Course 1 week 4, assignment 1, exercise 8: linear activation backward

hello deeplearning team, I’m having trouble getting this function to work correctly.

the function has this comment:

"""
    Implement the backward propagation for the LINEAR->ACTIVATION layer.
    
    Arguments:
    dA -- post-activation gradient for current layer l 
    cache -- tuple of values (linear_cache, activation_cache) we store for computing backward propagation efficiently
    activation -- the activation to be used in this layer, stored as a text string: "sigmoid" or "relu"
    
    Returns:
    dA_prev -- Gradient of the cost with respect to the activation (of the previous layer l-1), same shape as A_prev
    dW -- Gradient of the cost with respect to W (current layer l), same shape as W
    db -- Gradient of the cost with respect to b (current layer l), same shape as b
    """

and inside it two possible paths, or activation = "relu" or activation = "sigmoid"
for each one of this paths we’re given two activation functions, sigmoid_backward() and relu_backward().

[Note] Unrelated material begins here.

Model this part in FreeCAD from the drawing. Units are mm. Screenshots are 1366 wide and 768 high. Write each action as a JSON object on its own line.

Here is what i don’t understand. for the sigmoid_backward() function when I inspect the source code (using the inspect package) it shows the formula being:

def sigmoid_backward(dA, cache):
    """
    Implement the backward propagation for a single SIGMOID unit.

    Arguments:
    dA -- post-activation gradient, of any shape
    cache -- 'Z' where we store for computing backward propagation efficiently

    Returns:
    dZ -- Gradient of the cost with respect to Z
    """
    
    Z = cache
    
    s = 1/(1+np.exp(-Z))
    dZ = dA * s * (1-s)
    
    assert (dZ.shape == Z.shape)
    
    return dZ

my understanding was that dZ when calculating over the sigmoid activation layer is supposed to be dZ = a - y but the calculation in the function is completely different.

What changed?

Yes, for the final layer that is true for the sigmoid function. Note that you pass dA to this function. With dA = (A - Y) / (A * (1 - A)), where A = s in this case, you will see that you reach the same formula.

1 Like

not sure I understand. I went back to check the video on understanding backward propagation on week 3 and it states:

dz = a - y

because

dz = da . g'(z)

The point is that the formulas you show take into account the special value of dA at the output layer. The point is that you could use sigmoid as an activation function in any of the hidden layers as well and that is what sigmoid_backward is written for. If you invoke it for the output layer with the dA as it happens to be in that case, you end up with the same result you show, but the point is this is the fully general version.

1 Like

@aari
As @jonaslalin mentioned that dA = (A - Y) / (A * (1 - A)), where A = s.